Material provided
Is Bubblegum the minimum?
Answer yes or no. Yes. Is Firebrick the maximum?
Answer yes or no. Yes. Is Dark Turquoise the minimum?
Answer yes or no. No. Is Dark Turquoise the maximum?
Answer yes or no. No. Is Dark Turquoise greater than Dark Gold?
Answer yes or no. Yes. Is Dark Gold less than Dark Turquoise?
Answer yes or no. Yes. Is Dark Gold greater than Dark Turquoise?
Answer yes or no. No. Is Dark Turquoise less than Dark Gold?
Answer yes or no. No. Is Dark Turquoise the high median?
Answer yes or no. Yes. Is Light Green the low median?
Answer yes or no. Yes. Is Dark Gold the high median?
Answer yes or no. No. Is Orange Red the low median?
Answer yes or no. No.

Exercise requirements
Which lines above hold the string "maximum"? Copy each of them.

Response to the task
Answer yes or no. Yes. Is Firebrick the maximum?
Answer yes or no. No. Is Dark Turquoise the maximum?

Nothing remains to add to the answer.